Re digging this last week, Jim, myself and David worked on our first day (Mon 30 Apr) on the massive slab unearthed the previous Friday. Digger came in the afternoon to lift the slab, unfortunately nothing was underneath, another connundrum to figure out. Why did the Romans do these things? Tuesday to Friday was spent clearing through Eric Birley's 1930s excavation, most was backfill but we finally got to the original clay underneath which was good and combined with David's portion (which was rounded in design and quite spectacular) showed where wooden beams would have been laid as foundations - Andy theorised that this could possibly have been for the first wooden fort, it could even be evidence of pre-Roman settlement, ? round house (David's theory) or animal enclosure, however, more will obviously need to be uncovered for Andy/Justin to have a clearer view - a case of 'watch this space' - very interesting. I'll ask Jim to put some photos on to show both trenches. Apparently when Eric excavated the area in 1930s, he apparently finally finished in the Autumn stating in his diary the reason being due to flooding in that area. Luckily for us we now have pumps to take the water out! Both trenches did flood on occasions, David's trench much more so, however, overall and despite this, weather-wise we were very lucky to have a dry week, the first so far and long may it continue facilitating real progress for Andy. We are back at the end of this month so will be able to see what's happened in the intervening period.

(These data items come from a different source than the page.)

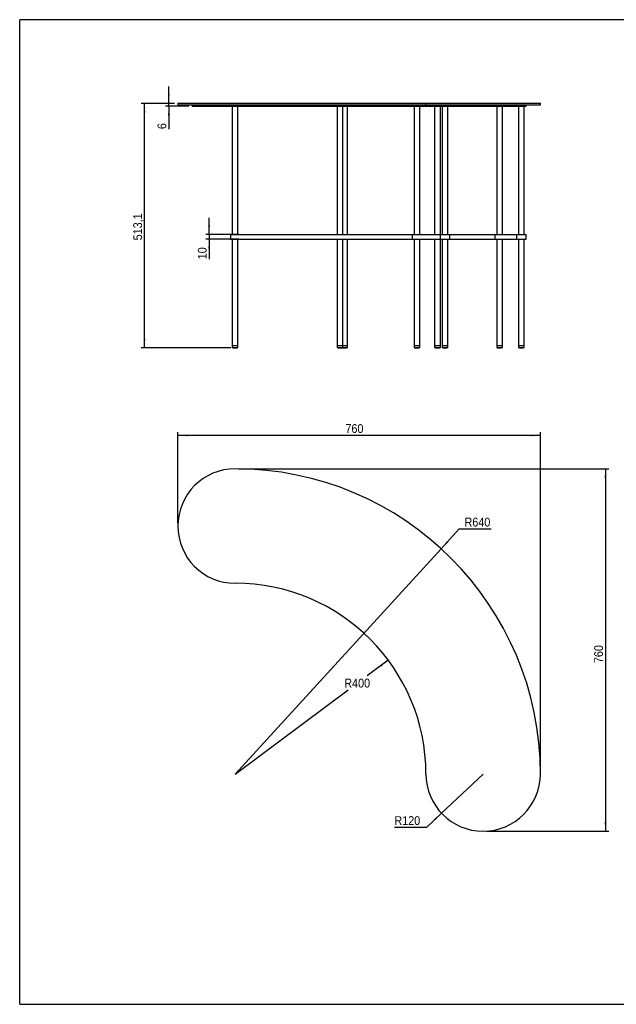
# Model space of a CAD drawing. Header units: millimetres. Extents: x 35 to 2985, y -21 to 2044.
# Tile 1 of 3: x 35 to 1286, y -21 to 2044. Entities that reach past the tile are written whole.
import ezdxf

# ---------------------------------------------------------------- set-up
doc = ezdxf.new("R2010")
doc.units = ezdxf.units.MM
doc.header["$LTSCALE"] = 7
doc.linetypes.add('SLD-Solido', pattern=[0])
doc.layers.add('QUOTE', color=1, linetype='SLD-Solido')
doc.layers.add('SCHIZZI', color=9, linetype='Continuous')
doc.styles.add('SLDTEXTSTYLE3', font='GOTHIC.TTF', dxfattribs={"width": 0.913})
doc.dimstyles.new('SLDDIMSTYLE0', dxfattribs={"dimtxt": 18.520833, "dimasz": 19.6, "dimexe": 0, "dimexo": 0.0625, "dimgap": 4.630208, "dimtad": 1, "dimdec": 1, "dimrnd": 1e-09, "dimzin": 12, "dimdsep": 46, "dimtxsty": 'SLDTEXTSTYLE3', "dimsah": 1, "dimcen": 0.09, "dimadec": 0, "dimazin": 3, "dimtfac": 1, "dimtdec": 1, "dimtmove": 0, "dimatfit": 0, "dimfxl": 1, "dimfrac": 2, "dimtolj": 1, "dimtzin": 12, "dimarcsym": 0})
doc.dimstyles.new('SLDDIMSTYLE1', dxfattribs={"dimtxt": 18.520833, "dimasz": 19.6, "dimexe": 0, "dimexo": 0.0625, "dimgap": 4.630208, "dimtad": 1, "dimdec": 1, "dimrnd": 1e-09, "dimzin": 12, "dimdsep": 46, "dimtxsty": 'SLDTEXTSTYLE3', "dimsah": 1, "dimcen": 0.09, "dimadec": 0, "dimazin": 3, "dimtfac": 1, "dimtdec": 1, "dimtofl": 0, "dimtmove": 0, "dimatfit": 3, "dimfxl": 1, "dimfrac": 2, "dimtolj": 1, "dimtzin": 12, "dimarcsym": 0})
doc.dimstyles.new('SLDDIMSTYLE2', dxfattribs={"dimtxt": 18.520833, "dimasz": 19.6, "dimexe": 0, "dimexo": 0.0625, "dimgap": 4.630208, "dimtad": 0, "dimtih": 1, "dimtoh": 1, "dimdec": 1, "dimrnd": 1e-09, "dimzin": 12, "dimdsep": 46, "dimtxsty": 'SLDTEXTSTYLE3', "dimsah": 1, "dimcen": 0, "dimadec": 0, "dimazin": 3, "dimtfac": 1, "dimtdec": 1, "dimtofl": 0, "dimtmove": 0, "dimatfit": 3, "dimfxl": 1, "dimfrac": 2, "dimtolj": 1, "dimtzin": 12, "dimarcsym": 0})

# ---------------------------------------------------------------- blocks, each defined once
blk = doc.blocks.new('_D')
at = {"layer": 'QUOTE', "transparency": 16777216}
for p, q in [((347.6, 1868.6), (347.6, 1903.6)), ((359.6, 1868.6), (340.6, 1868.6)), ((389.6, 1862.6), (340.6, 1862.6)), ((347.6, 1862.6), (347.6, 1868.6)), ((347.6, 1862.6), (347.6, 1814.6))]:
    blk.add_line(p, q, dxfattribs=at)
for points in [[(347.6, 1868.6), (349.3, 1888.2), (345.8, 1888.2)], [(347.6, 1862.6), (345.8, 1843), (349.3, 1843)]]:
    blk.add_solid(points, dxfattribs=at)
at = {"layer": 'QUOTE', "transparency": 16777216, "insert": (323.9, 1814.6), "char_height": 18.5, "attachment_point": 1, "rotation": 90, "style": 'SLDTEXTSTYLE3'}
blk.add_mtext('6', dxfattribs=at)
blk = doc.blocks.new('_D_1')
at = {"layer": 'QUOTE', "transparency": 16777216}
for p, q in [((432.1, 1593.6), (432.1, 1628.6)), ((494.5, 1593.6), (425.1, 1593.6)), ((432.1, 1593.6), (432.1, 1583.6)), ((494.5, 1583.6), (425.1, 1583.6)), ((432.1, 1583.6), (432.1, 1541.6))]:
    blk.add_line(p, q, dxfattribs=at)
for points in [[(432.1, 1593.6), (433.9, 1613.2), (430.4, 1613.2)], [(432.1, 1583.6), (430.4, 1564), (433.9, 1564)]]:
    blk.add_solid(points, dxfattribs=at)
at = {"layer": 'QUOTE', "transparency": 16777216, "insert": (408.5, 1541.6), "char_height": 18.52, "attachment_point": 1, "rotation": 90, "style": 'SLDTEXTSTYLE3'}
blk.add_mtext('10', dxfattribs=at)
blk = doc.blocks.new('_D_2')
at = {"layer": 'QUOTE', "transparency": 16777216}
for p, q in [((359.6, 1868.6), (289.6, 1868.6)), ((296.6, 1355.6), (296.6, 1868.6)), ((477.6, 1355.6), (289.6, 1355.6))]:
    blk.add_line(p, q, dxfattribs=at)
for points in [[(296.6, 1868.6), (294.9, 1849), (298.4, 1849)], [(296.6, 1355.6), (298.4, 1375.2), (294.9, 1375.2)]]:
    blk.add_solid(points, dxfattribs=at)
at = {"layer": 'QUOTE', "transparency": 16777216, "insert": (273, 1581.3), "char_height": 18.52, "attachment_point": 1, "rotation": 90, "style": 'SLDTEXTSTYLE3'}
blk.add_mtext('513,1', dxfattribs=at)
blk = doc.blocks.new('_D_3')
at = {"layer": 'QUOTE', "transparency": 16777216}
for p, q in [((918.5, 934.5), (956.5, 976.1)), ((956.5, 976.1), (1023.7, 976.1)), ((486.6, 462.2), (918.5, 934.5))]:
    blk.add_line(p, q, dxfattribs=at)
blk.add_solid([(918.5, 934.5), (933.1, 947.8), (930.5, 950.2)], dxfattribs=at)
at = {"layer": 'QUOTE', "transparency": 16777216, "insert": (967.6, 999.7), "char_height": 18.52, "attachment_point": 1, "style": 'SLDTEXTSTYLE3'}
blk.add_mtext('R640', dxfattribs=at)
blk = doc.blocks.new('_D_4')
at = {"layer": 'QUOTE', "transparency": 16777216}
for p, q in [((807.6, 700.9), (763.3, 667.9)), ((486.6, 462.2), (723.7, 638.5))]:
    blk.add_line(p, q, dxfattribs=at)
blk.add_solid([(807.6, 700.9), (790.9, 690.6), (793, 687.8)], dxfattribs=at)
at = {"layer": 'QUOTE', "transparency": 16777216, "insert": (715.5, 662.1), "char_height": 18.52, "attachment_point": 1, "style": 'SLDTEXTSTYLE3'}
blk.add_mtext('R400', dxfattribs=at)
blk = doc.blocks.new('_D_5')
at = {"layer": 'QUOTE', "transparency": 16777216}
for p, q in [((1006.6, 462.2), (919.3, 379.9)), ((919.3, 379.9), (887.8, 350.2)), ((887.8, 350.2), (820.6, 350.2))]:
    blk.add_line(p, q, dxfattribs=at)
blk.add_solid([(919.3, 379.9), (903.9, 367.7), (906.3, 365.2)], dxfattribs=at)
at = {"layer": 'QUOTE', "transparency": 16777216, "insert": (820.6, 373.8), "char_height": 18.52, "attachment_point": 1, "style": 'SLDTEXTSTYLE3'}
blk.add_mtext('R120', dxfattribs=at)
blk = doc.blocks.new('_D_6')
at = {"layer": 'QUOTE', "transparency": 16777216}
for p, q in [((493.6, 1102.2), (1270, 1102.2)), ((1263, 1102.2), (1263, 342.2)), ((1013.6, 342.2), (1270, 342.2))]:
    blk.add_line(p, q, dxfattribs=at)
for points in [[(1263, 1102.2), (1261.3, 1082.6), (1264.8, 1082.6)], [(1263, 342.2), (1264.8, 361.8), (1261.3, 361.8)]]:
    blk.add_solid(points, dxfattribs=at)
at = {"layer": 'QUOTE', "transparency": 16777216, "insert": (1239.4, 694.8), "char_height": 18.52, "attachment_point": 1, "rotation": 90, "style": 'SLDTEXTSTYLE3'}
blk.add_mtext('760', dxfattribs=at)
blk = doc.blocks.new('_D_7')
at = {"layer": 'QUOTE', "transparency": 16777216}
for p, q in [((366.6, 989.2), (366.6, 1179.2)), ((1126.6, 469.2), (1126.6, 1179.2)), ((1126.6, 1172.2), (366.6, 1172.2))]:
    blk.add_line(p, q, dxfattribs=at)
for points in [[(366.6, 1172.2), (386.2, 1170.5), (386.2, 1174)], [(1126.6, 1172.2), (1107, 1174), (1107, 1170.5)]]:
    blk.add_solid(points, dxfattribs=at)
at = {"layer": 'QUOTE', "transparency": 16777216, "insert": (717.9, 1195.9), "char_height": 18.52, "attachment_point": 1, "style": 'SLDTEXTSTYLE3'}
blk.add_mtext('760', dxfattribs=at)

msp = doc.modelspace()

# ---------------------------------------------------------------- linework, layer by layer
for p, q in [((366.65, 1868.64), (366.65, 1865.64)), ((366.65, 1868.64), (486.65, 1868.64)), ((366.65, 1865.64), (486.65, 1865.64)), ((396.65, 1865.64), (396.65, 1862.64)), ((396.65, 1862.64), (486.65, 1862.64)), ((480.65, 1862.64), (480.65, 1593.64)), ((486.65, 1868.64), (886.65, 1868.64)), ((486.65, 1865.64), (886.65, 1865.64)), ((486.65, 1862.64), (916.65, 1862.64)), ((492.65, 1593.64), (492.65, 1862.64)), ((700.65, 1862.64), (700.65, 1593.64)), ((712.65, 1593.64), (712.65, 1862.64)), ((722.26, 1593.64), (722.26, 1862.64)), ((861.7, 1862.64), (861.7, 1593.64)), ((873.7, 1593.64), (873.7, 1862.64)), ((886.65, 1865.64), (886.65, 1868.64)), ((886.65, 1868.64), (1126.65, 1868.64)), ((886.65, 1865.64), (1126.65, 1865.64)), ((904.91, 1862.64), (904.91, 1593.64)), ((916.65, 1862.64), (916.65, 1865.64)), ((916.65, 1862.64), (1096.65, 1862.64)), ((916.91, 1593.64), (916.91, 1862.64)), ((920.65, 1862.64), (920.65, 1593.64)), ((932.65, 1593.64), (932.65, 1862.64)), ((1034.97, 1862.64), (1034.97, 1593.64)), ((1046.97, 1593.64), (1046.97, 1862.64)), ((1080.65, 1862.64), (1080.65, 1593.64)), ((1092.65, 1593.64), (1092.65, 1862.64)), ((1096.65, 1862.64), (1096.65, 1865.64)), ((1126.65, 1865.64), (1126.65, 1868.64)), ((476.65, 1593.64), (476.65, 1583.64)), ((476.65, 1593.64), (493.52, 1593.64)), ((493.52, 1593.64), (501.46, 1593.64)), ((501.46, 1593.64), (691.69, 1593.64)), ((691.69, 1593.64), (697.06, 1593.64)), ((697.06, 1593.64), (708.97, 1593.64)), ((708.97, 1593.64), (717.35, 1593.64)), ((717.35, 1593.64), (856.64, 1593.64)), ((856.64, 1593.64), (857.73, 1593.64)), ((857.73, 1593.64), (857.73, 1583.64)), ((857.73, 1593.64), (864.85, 1593.64)), ((864.85, 1593.64), (871.42, 1593.64)), ((871.42, 1593.64), (916.65, 1593.64)), ((916.65, 1593.64), (916.65, 1583.64)), ((916.65, 1593.64), (936.65, 1593.64)), ((936.65, 1583.64), (936.65, 1593.64)), ((936.65, 1593.64), (1030.97, 1593.64)), ((1030.97, 1593.64), (1030.97, 1583.64)), ((1030.97, 1593.64), (1036.94, 1593.64)), ((1036.94, 1593.64), (1042.77, 1593.64)), ((1042.77, 1593.64), (1076.65, 1593.64)), ((1076.65, 1593.64), (1076.65, 1583.64)), ((1076.65, 1593.64), (1096.65, 1593.64)), ((1096.65, 1583.64), (1096.65, 1593.64)), ((476.65, 1583.64), (493.52, 1583.64)), ((480.65, 1583.64), (480.65, 1360.64)), ((492.65, 1360.64), (492.65, 1583.64)), ((493.52, 1583.64), (501.46, 1583.64)), ((501.46, 1583.64), (691.69, 1583.64)), ((691.69, 1583.64), (697.06, 1583.64)), ((697.06, 1583.64), (708.97, 1583.64)), ((700.65, 1583.64), (700.65, 1360.64)), ((708.97, 1583.64), (717.35, 1583.64)), ((712.65, 1360.64), (712.65, 1583.64)), ((717.35, 1583.64), (856.64, 1583.64)), ((722.26, 1360.64), (722.26, 1583.64)), ((856.64, 1583.64), (857.73, 1583.64)), ((857.73, 1583.64), (864.85, 1583.64)), ((861.7, 1583.64), (861.7, 1360.64)), ((864.85, 1583.64), (871.42, 1583.64)), ((871.42, 1583.64), (916.65, 1583.64)), ((873.7, 1360.64), (873.7, 1583.64)), ((904.91, 1583.64), (904.91, 1360.64)), ((916.65, 1583.64), (936.65, 1583.64)), ((916.91, 1360.64), (916.91, 1583.64)), ((920.65, 1583.64), (920.65, 1360.64)), ((932.65, 1360.64), (932.65, 1583.64)), ((936.65, 1583.64), (1030.97, 1583.64)), ((1030.97, 1583.64), (1036.94, 1583.64)), ((1034.97, 1583.64), (1034.97, 1360.64)), ((1036.94, 1583.64), (1042.77, 1583.64)), ((1042.77, 1583.64), (1076.65, 1583.64)), ((1046.97, 1360.64), (1046.97, 1583.64)), ((1076.65, 1583.64), (1096.65, 1583.64)), ((1080.65, 1583.64), (1080.65, 1360.64)), ((1092.65, 1360.64), (1092.65, 1583.64)), ((480.65, 1360.64), (480.65, 1356.64)), ((480.65, 1360.64), (492.65, 1360.64)), ((480.65, 1360.64), (486.65, 1360.64)), ((480.65, 1356.64), (492.65, 1356.64)), ((482.52, 1356.07), (490.77, 1356.07)), ((482.65, 1355.92), (490.65, 1355.92)), ((484.52, 1355.73), (488.77, 1355.73)), ((484.65, 1355.59), (488.65, 1355.59)), ((486.65, 1360.64), (492.65, 1360.64)), ((492.65, 1356.64), (492.65, 1360.64)), ((700.65, 1360.64), (700.65, 1356.64)), ((700.65, 1360.64), (712.65, 1360.64)), ((700.65, 1360.64), (706.65, 1360.64)), ((700.65, 1356.64), (712.65, 1356.64)), ((702.52, 1356.07), (710.77, 1356.07)), ((702.65, 1355.92), (710.65, 1355.92)), ((704.52, 1355.73), (708.77, 1355.73)), ((704.65, 1355.59), (708.65, 1355.59)), ((706.65, 1360.64), (712.65, 1360.64)), ((712.13, 1356.07), (720.38, 1356.07)), ((712.26, 1355.92), (720.26, 1355.92)), ((712.65, 1356.64), (712.65, 1360.64)), ((712.65, 1360.64), (722.25, 1360.64)), ((712.65, 1360.64), (716.26, 1360.64)), ((712.65, 1356.64), (722.25, 1356.64)), ((714.13, 1355.73), (718.38, 1355.73)), ((714.26, 1355.59), (718.26, 1355.59)), ((716.26, 1360.64), (722.26, 1360.64)), ((718.38, 1355.73), (718.38, 1355.73)), ((720.38, 1356.07), (720.38, 1356.07)), ((722.25, 1360.64), (722.26, 1360.64)), ((722.25, 1356.64), (722.26, 1356.64)), ((722.26, 1356.64), (722.26, 1360.64)), ((861.7, 1360.64), (861.7, 1356.64)), ((861.7, 1360.64), (873.7, 1360.64)), ((861.7, 1360.64), (867.7, 1360.64)), ((861.7, 1356.64), (873.7, 1356.64)), ((863.58, 1356.07), (871.82, 1356.07)), ((863.7, 1355.92), (871.7, 1355.92)), ((865.57, 1355.73), (869.82, 1355.73)), ((865.7, 1355.59), (869.7, 1355.59)), ((867.7, 1360.64), (873.7, 1360.64)), ((869.82, 1355.73), (869.82, 1355.73)), ((871.82, 1356.07), (871.82, 1356.07)), ((873.7, 1356.64), (873.7, 1360.64)), ((873.7, 1360.64), (873.7, 1360.64)), ((873.7, 1356.64), (873.7, 1356.64)), ((904.91, 1360.64), (904.91, 1356.64)), ((904.91, 1360.64), (916.91, 1360.64)), ((904.91, 1360.64), (910.91, 1360.64)), ((904.91, 1356.64), (916.91, 1356.64)), ((906.79, 1356.07), (915.03, 1356.07)), ((906.91, 1355.92), (914.91, 1355.92)), ((908.79, 1355.73), (913.03, 1355.73)), ((908.91, 1355.59), (912.91, 1355.59)), ((910.91, 1360.64), (916.91, 1360.64)), ((913.03, 1355.73), (913.03, 1355.73)), ((915.03, 1356.07), (915.03, 1356.07)), ((916.91, 1356.64), (916.91, 1360.64)), ((916.91, 1360.64), (916.91, 1360.64)), ((916.91, 1356.64), (916.91, 1356.64)), ((920.65, 1360.64), (920.65, 1356.64)), ((920.65, 1360.64), (932.64, 1360.64)), ((920.65, 1360.64), (926.65, 1360.64)), ((920.65, 1356.64), (932.64, 1356.64)), ((922.52, 1356.07), (930.77, 1356.07)), ((922.65, 1355.92), (930.65, 1355.92)), ((924.52, 1355.73), (928.77, 1355.73)), ((924.65, 1355.59), (928.65, 1355.59)), ((926.65, 1360.64), (932.65, 1360.64)), ((928.77, 1355.73), (928.77, 1355.73)), ((930.77, 1356.07), (930.77, 1356.07)), ((932.64, 1360.64), (932.65, 1360.64)), ((932.64, 1356.64), (932.65, 1356.64)), ((932.65, 1356.64), (932.65, 1360.64)), ((1034.97, 1360.64), (1034.97, 1356.64)), ((1034.97, 1360.64), (1046.97, 1360.64)), ((1034.97, 1360.64), (1040.97, 1360.64)), ((1034.97, 1356.64), (1046.97, 1356.64)), ((1036.85, 1356.07), (1045.1, 1356.07)), ((1036.97, 1355.92), (1044.97, 1355.92)), ((1038.85, 1355.73), (1043.1, 1355.73)), ((1038.97, 1355.59), (1042.97, 1355.59)), ((1040.97, 1360.64), (1046.97, 1360.64)), ((1046.97, 1356.64), (1046.97, 1360.64)), ((1080.65, 1360.64), (1080.65, 1356.64)), ((1080.65, 1360.64), (1092.65, 1360.64)), ((1080.65, 1360.64), (1086.65, 1360.64)), ((1080.65, 1356.64), (1092.65, 1356.64)), ((1082.52, 1356.07), (1090.77, 1356.07)), ((1082.65, 1355.92), (1090.65, 1355.92)), ((1084.52, 1355.73), (1088.77, 1355.73)), ((1084.65, 1355.59), (1088.65, 1355.59)), ((1086.65, 1360.64), (1092.65, 1360.64)), ((1092.65, 1356.64), (1092.65, 1360.64))]:
    msp.add_line(p, q)
for centre, radius, start, end in [((486.21, 1371.55), 15.91, 249.52051, 256.59394), ((482.65, 1356.04), 0.125, 166.81895, 270), ((486.21, 1371.55), 15.91, 259.2335, 263.89518), ((484.65, 1355.72), 0.125, 174.12019, 270), ((488.65, 1355.72), 0.125, 270, 5.87981), ((487.08, 1371.55), 15.91, 276.10482, 280.7665), ((490.65, 1356.04), 0.125, 270, 13.18105), ((487.08, 1371.55), 15.91, 283.40606, 290.47949), ((706.21, 1371.55), 15.91, 249.52051, 256.59394), ((702.65, 1356.04), 0.125, 166.81895, 270), ((706.21, 1371.55), 15.91, 259.2335, 263.89518), ((704.65, 1355.72), 0.125, 174.12019, 270), ((708.65, 1355.72), 0.125, 270, 5.87981), ((707.08, 1371.55), 15.91, 276.10482, 280.7665), ((710.65, 1356.04), 0.125, 270, 13.18105), ((707.08, 1371.55), 15.91, 283.40606, 290.47949), ((715.82, 1371.55), 15.91, 254.05069, 256.59394), ((712.26, 1356.04), 0.125, 166.81895, 270), ((715.82, 1371.55), 15.91, 259.2335, 263.89518), ((714.26, 1355.72), 0.125, 174.12019, 270), ((718.26, 1355.72), 0.125, 270, 5.87981), ((716.69, 1371.55), 15.91, 276.10482, 280.7665), ((720.26, 1356.04), 0.125, 270, 13.18105), ((716.69, 1371.55), 15.91, 283.40606, 290.47949), ((867.27, 1371.55), 15.91, 249.52051, 256.59394), ((863.7, 1356.04), 0.125, 166.81895, 270), ((867.27, 1371.55), 15.91, 259.2335, 263.89518), ((865.7, 1355.72), 0.125, 174.12019, 270), ((869.7, 1355.72), 0.125, 270, 5.87981), ((868.13, 1371.55), 15.91, 276.10482, 280.7665), ((871.7, 1356.04), 0.125, 270, 13.18105), ((868.13, 1371.55), 15.91, 283.40606, 290.47949), ((910.48, 1371.55), 15.91, 249.52051, 256.59394), ((906.91, 1356.04), 0.125, 166.81895, 270), ((910.48, 1371.55), 15.91, 259.2335, 263.89518), ((908.91, 1355.72), 0.125, 174.12019, 270), ((912.91, 1355.72), 0.125, 270, 5.87981), ((911.34, 1371.55), 15.91, 276.10482, 280.7665), ((914.91, 1356.04), 0.125, 270, 13.18105), ((911.34, 1371.55), 15.91, 283.40606, 290.47949), ((926.21, 1371.55), 15.91, 249.52051, 256.59394), ((922.65, 1356.04), 0.125, 166.81895, 270), ((926.21, 1371.55), 15.91, 259.2335, 263.89518), ((924.65, 1355.72), 0.125, 174.12019, 270), ((928.65, 1355.72), 0.125, 270, 5.87981), ((927.08, 1371.55), 15.91, 276.10482, 280.7665), ((930.65, 1356.04), 0.125, 270, 13.18105), ((927.08, 1371.55), 15.91, 283.40606, 290.47949), ((1040.54, 1371.55), 15.91, 249.52051, 256.59394), ((1036.97, 1356.04), 0.125, 166.81895, 270), ((1040.54, 1371.55), 15.91, 259.2335, 263.89518), ((1038.97, 1355.72), 0.125, 174.12019, 270), ((1042.97, 1355.72), 0.125, 270, 5.87981), ((1041.41, 1371.55), 15.91, 276.10482, 280.7665), ((1044.97, 1356.04), 0.125, 270, 13.18105), ((1041.41, 1371.55), 15.91, 283.40606, 290.47949), ((1086.21, 1371.55), 15.91, 249.52051, 256.59394), ((1082.65, 1356.04), 0.125, 166.81895, 270), ((1086.21, 1371.55), 15.91, 259.2335, 263.89518), ((1084.65, 1355.72), 0.125, 174.12019, 270), ((1088.65, 1355.72), 0.125, 270, 5.87981), ((1087.08, 1371.55), 15.91, 276.10482, 280.7665), ((1090.65, 1356.04), 0.125, 270, 13.18105), ((1087.08, 1371.55), 15.91, 283.40606, 290.47949), ((486.65, 982.22), 120, 90, 270), ((486.65, 462.22), 640, 0, 90), ((486.65, 462.22), 400, 0, 90), ((1006.65, 462.22), 120, 180, 0)]:
    msp.add_arc(centre, radius, start, end)
at = {"layer": 'SCHIZZI'}
for p in [(35, -20.73), (2984.47, 2044)]:
    msp.add_line(p, (35, 2044), dxfattribs=at)
at = {"layer": 'SCHIZZI', "color": 7, "true_color": 0xffffff}
msp.add_line((35, -20.73), (2984.61, -20.73), dxfattribs=at)

# ---------------------------------------------------------------- dimensions: what is measured, and where the dimension line sits
at = {"layer": 'QUOTE'}
for base, p1, p2, dimstyle, picture, middle in [((347.56, 1868.64), (396.65, 1862.64), (366.65, 1868.64), 'SLDDIMSTYLE0', '_D', (347.56, 1821.43)), ((296.6465, 1868.6436), (484.6465, 1355.5902), (366.6465, 1868.6436), 'SLDDIMSTYLE1', '_D_2', (296.6465, 1612.1169)), ((432.12, 1583.64), (501.46, 1593.64), (501.46, 1583.64), 'SLDDIMSTYLE0', '_D_1', (432.12, 1555.24)), ((1263.04, 342.22), (486.65, 1102.22), (1006.65, 342.22), 'SLDDIMSTYLE1', '_D_6', (1263.04, 715.32))]:
    dim = msp.add_linear_dim(base=base, p1=p1, p2=p2, angle=90, dimstyle=dimstyle, dxfattribs=at)
    dim.commit()
    dim.dimension.update_dxf_attribs({"geometry": picture, "text_midpoint": middle, "dimtype": 160})
dim = msp.add_linear_dim(base=(366.65, 1172.22), p1=(1126.65, 462.22), p2=(366.65, 982.22), dimstyle='SLDDIMSTYLE1', dxfattribs=at)
dim.commit()
dim.dimension.update_dxf_attribs({"geometry": '_D_7', "text_midpoint": (738.39, 1172.22), "dimtype": 160})
for center, mpoint, picture, middle in [((486.65, 462.22), (918.53, 934.53), '_D_3', (995.67, 990.8)), ((486.65, 462.22), (807.64, 700.89), '_D_4', (743.5, 653.2)), ((1006.65, 462.22), (919.32, 379.91), '_D_5', (848.65, 364.9))]:
    dim = msp.add_radius_dim(center=center, mpoint=mpoint, dimstyle='SLDDIMSTYLE2', dxfattribs=at)
    dim.commit()
    dim.dimension.update_dxf_attribs({"geometry": picture, "text_midpoint": middle, "dimtype": 164})

doc.saveas('drawing.dxf')

As an aside, as usual, we visited RAM on Saturday coming home and were very pleased at the changes that have been made since we last visited. RAM has truly become, in its own right, a real treasure of information about the life of the Roman soldier for both adults and children. We always tell friends/family etc who are visiting the area to go to RAM first then onto Vindolanda as it gives a good entree to the Trust and helps put its work into context.